I am making a scatter plot in R with ggplot2. I am comparing the fraction of votes Hillary and Bernie received in the primary and education level. There is a lot over overlap and way to many points. I tried to use transparency so I could see the overlap but it still looks bad.
我用R和ggplot2做了一个散点图。我正在比较希拉里和伯尼在小学和教育方面获得的选票比例。有很多重叠的地方,还有很多点。我尝试使用透明度,这样我就能看到重叠,但看起来还是很糟糕。
Code:
代码:
demanalyze <- function(infocode, n = 1){
infoname <- filter(infolookup, column_name == infocode)$description
infocolumn <- as.vector(as.matrix(mydata[infocode]))
ggplot(mydata) +
aes(x = infocolumn) +
ggtitle(infoname) +
xlab(infoname) +
ylab("Fraction of votes each canidate recieved") +
xlab(infoname) +
geom_point(aes(y = sanders_vote_fraction, colour = "Bernie Sanders")) +#, color = alpha("blue",0.02), size=I(1)) +
stat_smooth(aes(y = sanders_vote_fraction), method = "lm", formula = y ~ poly(x, n), size = 1, color = "darkblue", se = F) +
geom_point(aes(y = clinton_vote_fraction, colour = "Hillary Clinton")) +#, color = alpha("red",0.02), size=I(1)) +
stat_smooth(aes(y = clinton_vote_fraction), method = "lm", formula = y ~ poly(x, n), size = 1, color = "darkred", se = F) +
scale_colour_manual("",
values = c("Bernie Sanders" = alpha("blue",0.02), "Hillary Clinton" = alpha("red",0.02))
) +
guides(colour = guide_legend(override.aes = list(alpha = 1)))
}
What could I change to make the overlap areas look less messy?
为了使重叠区域看起来不那么混乱,我可以做些什么改变呢?
1 个解决方案
#1
3
The standard way to plot a large number of points over 2 dimensions is to use 2D density plots:
在二维空间上绘制大量点的标准方法是使用二维密度图:
With reproducible example:
用可再生的例子:
x1 <- rnorm(1000, mean=10)
x2 <- rnorm(1000, mean=10)
y1 <- rnorm(1000, mean= 5)
y2 <- rnorm(1000, mean = 7)
mydat <- data.frame(xaxis=c(x1, x2), yaxis=c(y1, y2), lab=rep(c("H","B"),each=1000))
head(mydat)
library(ggplot2)
##Dots and density plots (kinda messy, but can play with alpha)

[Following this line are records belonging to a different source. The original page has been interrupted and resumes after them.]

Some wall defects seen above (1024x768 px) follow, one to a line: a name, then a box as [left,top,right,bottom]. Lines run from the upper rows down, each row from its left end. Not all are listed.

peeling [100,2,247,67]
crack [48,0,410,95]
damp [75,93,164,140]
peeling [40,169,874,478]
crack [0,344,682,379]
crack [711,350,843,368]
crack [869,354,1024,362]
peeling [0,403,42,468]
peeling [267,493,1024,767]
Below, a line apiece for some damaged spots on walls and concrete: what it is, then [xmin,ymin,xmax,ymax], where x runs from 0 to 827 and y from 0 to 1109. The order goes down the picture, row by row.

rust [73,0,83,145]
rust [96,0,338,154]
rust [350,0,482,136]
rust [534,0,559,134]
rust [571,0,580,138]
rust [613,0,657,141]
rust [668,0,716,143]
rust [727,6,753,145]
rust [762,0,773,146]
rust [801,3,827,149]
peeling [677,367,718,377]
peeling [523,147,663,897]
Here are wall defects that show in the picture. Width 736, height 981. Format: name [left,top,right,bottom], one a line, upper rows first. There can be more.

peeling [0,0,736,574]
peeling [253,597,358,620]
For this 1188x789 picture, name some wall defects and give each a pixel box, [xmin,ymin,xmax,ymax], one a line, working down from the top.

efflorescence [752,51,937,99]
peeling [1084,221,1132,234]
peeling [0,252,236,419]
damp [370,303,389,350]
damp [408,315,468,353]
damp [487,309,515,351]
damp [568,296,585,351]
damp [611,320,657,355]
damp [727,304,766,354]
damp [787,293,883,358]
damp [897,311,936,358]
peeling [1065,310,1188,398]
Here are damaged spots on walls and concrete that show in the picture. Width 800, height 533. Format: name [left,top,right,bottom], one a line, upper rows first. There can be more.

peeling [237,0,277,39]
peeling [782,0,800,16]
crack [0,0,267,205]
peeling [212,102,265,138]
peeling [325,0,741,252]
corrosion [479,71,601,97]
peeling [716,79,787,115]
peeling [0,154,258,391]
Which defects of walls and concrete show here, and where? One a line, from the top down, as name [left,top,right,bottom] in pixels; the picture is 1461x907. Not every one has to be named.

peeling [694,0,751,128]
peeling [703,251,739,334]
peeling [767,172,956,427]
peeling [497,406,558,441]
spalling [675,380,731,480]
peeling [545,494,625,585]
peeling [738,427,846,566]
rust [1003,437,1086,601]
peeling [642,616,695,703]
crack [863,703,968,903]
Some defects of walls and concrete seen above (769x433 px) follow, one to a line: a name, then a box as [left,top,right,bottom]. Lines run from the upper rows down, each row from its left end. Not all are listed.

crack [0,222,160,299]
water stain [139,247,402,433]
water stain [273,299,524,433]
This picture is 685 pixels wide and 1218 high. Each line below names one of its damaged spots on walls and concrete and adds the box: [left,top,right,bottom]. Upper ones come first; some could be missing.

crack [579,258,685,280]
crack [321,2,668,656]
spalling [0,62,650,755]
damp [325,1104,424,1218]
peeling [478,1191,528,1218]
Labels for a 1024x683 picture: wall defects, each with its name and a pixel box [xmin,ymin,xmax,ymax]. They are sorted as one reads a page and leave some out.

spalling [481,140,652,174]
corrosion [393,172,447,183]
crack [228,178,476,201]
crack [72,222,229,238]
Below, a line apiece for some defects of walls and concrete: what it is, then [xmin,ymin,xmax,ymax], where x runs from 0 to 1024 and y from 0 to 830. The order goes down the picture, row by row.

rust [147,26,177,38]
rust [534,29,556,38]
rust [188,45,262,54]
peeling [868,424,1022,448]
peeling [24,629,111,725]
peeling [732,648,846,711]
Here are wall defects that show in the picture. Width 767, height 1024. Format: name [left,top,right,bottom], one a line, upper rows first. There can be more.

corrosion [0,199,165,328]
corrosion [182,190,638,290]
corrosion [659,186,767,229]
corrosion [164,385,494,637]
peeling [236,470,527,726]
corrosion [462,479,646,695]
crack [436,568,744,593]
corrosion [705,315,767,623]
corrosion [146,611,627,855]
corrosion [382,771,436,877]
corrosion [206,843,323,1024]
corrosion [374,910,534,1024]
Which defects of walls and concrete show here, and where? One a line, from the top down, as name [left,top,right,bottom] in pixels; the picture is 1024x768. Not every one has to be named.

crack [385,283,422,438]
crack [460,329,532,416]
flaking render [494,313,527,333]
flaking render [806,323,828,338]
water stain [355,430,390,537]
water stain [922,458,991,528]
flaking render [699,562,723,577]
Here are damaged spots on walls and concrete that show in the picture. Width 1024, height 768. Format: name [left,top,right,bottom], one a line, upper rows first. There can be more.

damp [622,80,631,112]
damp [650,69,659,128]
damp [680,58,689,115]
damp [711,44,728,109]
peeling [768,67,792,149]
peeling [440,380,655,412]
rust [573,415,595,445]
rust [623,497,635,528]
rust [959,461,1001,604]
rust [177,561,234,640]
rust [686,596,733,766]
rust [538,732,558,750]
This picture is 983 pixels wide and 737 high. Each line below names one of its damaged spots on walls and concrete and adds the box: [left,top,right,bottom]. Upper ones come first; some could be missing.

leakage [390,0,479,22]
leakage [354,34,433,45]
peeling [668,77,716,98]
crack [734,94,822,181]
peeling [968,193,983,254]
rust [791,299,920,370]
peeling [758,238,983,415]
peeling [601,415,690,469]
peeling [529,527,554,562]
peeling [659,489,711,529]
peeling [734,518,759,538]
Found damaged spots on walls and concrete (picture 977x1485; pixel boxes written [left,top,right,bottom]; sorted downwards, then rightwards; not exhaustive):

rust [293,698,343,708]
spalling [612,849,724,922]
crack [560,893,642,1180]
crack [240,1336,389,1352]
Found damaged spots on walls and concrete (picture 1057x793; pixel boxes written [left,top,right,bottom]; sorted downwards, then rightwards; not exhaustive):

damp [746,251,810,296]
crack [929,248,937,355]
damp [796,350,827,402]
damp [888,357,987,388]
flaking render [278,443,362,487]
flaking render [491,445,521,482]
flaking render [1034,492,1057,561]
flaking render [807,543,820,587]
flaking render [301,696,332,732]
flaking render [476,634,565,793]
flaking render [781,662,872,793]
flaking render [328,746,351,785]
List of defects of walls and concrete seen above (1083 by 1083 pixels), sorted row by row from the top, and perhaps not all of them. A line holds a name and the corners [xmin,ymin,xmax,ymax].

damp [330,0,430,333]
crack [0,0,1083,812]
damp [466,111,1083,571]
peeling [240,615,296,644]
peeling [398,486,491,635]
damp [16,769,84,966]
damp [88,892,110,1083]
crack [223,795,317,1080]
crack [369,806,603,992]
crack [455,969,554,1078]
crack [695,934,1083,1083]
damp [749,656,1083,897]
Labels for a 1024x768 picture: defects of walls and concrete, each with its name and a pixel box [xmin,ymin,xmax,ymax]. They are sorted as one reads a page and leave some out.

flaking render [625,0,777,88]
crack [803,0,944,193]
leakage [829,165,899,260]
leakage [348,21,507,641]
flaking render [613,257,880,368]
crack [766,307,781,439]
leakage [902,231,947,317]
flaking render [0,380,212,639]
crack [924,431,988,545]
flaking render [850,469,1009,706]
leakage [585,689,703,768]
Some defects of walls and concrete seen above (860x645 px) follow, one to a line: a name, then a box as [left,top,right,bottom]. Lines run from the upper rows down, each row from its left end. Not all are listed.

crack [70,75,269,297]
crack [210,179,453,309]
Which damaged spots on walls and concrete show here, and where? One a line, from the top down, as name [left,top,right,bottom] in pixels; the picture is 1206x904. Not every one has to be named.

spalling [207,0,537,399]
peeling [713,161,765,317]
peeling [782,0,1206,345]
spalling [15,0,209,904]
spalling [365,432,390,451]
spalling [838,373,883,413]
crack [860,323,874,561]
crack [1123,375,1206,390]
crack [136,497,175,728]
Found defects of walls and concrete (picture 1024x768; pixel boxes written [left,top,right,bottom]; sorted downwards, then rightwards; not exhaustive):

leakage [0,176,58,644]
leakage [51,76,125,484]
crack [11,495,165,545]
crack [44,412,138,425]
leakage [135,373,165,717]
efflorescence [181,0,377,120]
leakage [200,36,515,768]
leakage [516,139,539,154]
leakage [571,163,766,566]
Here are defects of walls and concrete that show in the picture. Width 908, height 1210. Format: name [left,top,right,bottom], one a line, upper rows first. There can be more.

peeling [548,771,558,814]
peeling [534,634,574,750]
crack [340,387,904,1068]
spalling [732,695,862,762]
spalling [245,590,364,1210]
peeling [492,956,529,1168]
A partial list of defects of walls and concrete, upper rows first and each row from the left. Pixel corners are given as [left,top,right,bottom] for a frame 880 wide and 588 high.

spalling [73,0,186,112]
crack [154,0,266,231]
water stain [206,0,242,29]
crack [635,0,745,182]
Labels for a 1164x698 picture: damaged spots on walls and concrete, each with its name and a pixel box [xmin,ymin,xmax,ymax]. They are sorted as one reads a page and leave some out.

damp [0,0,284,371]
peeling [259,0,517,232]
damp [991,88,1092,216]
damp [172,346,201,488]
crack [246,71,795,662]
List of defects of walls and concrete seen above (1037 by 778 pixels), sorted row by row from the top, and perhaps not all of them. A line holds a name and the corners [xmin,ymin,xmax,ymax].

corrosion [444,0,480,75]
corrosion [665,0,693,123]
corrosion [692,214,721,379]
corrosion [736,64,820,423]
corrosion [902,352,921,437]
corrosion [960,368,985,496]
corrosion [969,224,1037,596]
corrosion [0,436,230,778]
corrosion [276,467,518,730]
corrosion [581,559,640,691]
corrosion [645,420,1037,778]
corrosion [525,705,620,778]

p1 <-ggplot(mydat) + geom_point(aes(x=xaxis, y = yaxis, color=lab),alpha=0.4) +
stat_density2d(aes(x=xaxis, y = yaxis, color=lab))
p1
## just density
p2 <-ggplot(mydat) + stat_density2d(aes(x=xaxis, y = yaxis, color=lab))
p2
There are many parameters to play with, so look here for the full info on the plot type in ggplot2.
有许多参数可以使用,所以请在这里查看关于ggplot2中的情节类型的完整信息。
#1
3
The standard way to plot a large number of points over 2 dimensions is to use 2D density plots:
在二维空间上绘制大量点的标准方法是使用二维密度图:
With reproducible example:
用可再生的例子:
x1 <- rnorm(1000, mean=10)
x2 <- rnorm(1000, mean=10)
y1 <- rnorm(1000, mean= 5)
y2 <- rnorm(1000, mean = 7)
mydat <- data.frame(xaxis=c(x1, x2), yaxis=c(y1, y2), lab=rep(c("H","B"),each=1000))
head(mydat)
library(ggplot2)
##Dots and density plots (kinda messy, but can play with alpha)
p1 <-ggplot(mydat) + geom_point(aes(x=xaxis, y = yaxis, color=lab),alpha=0.4) +
stat_density2d(aes(x=xaxis, y = yaxis, color=lab))
p1
## just density
p2 <-ggplot(mydat) + stat_density2d(aes(x=xaxis, y = yaxis, color=lab))
p2
There are many parameters to play with, so look here for the full info on the plot type in ggplot2.
有许多参数可以使用,所以请在这里查看关于ggplot2中的情节类型的完整信息。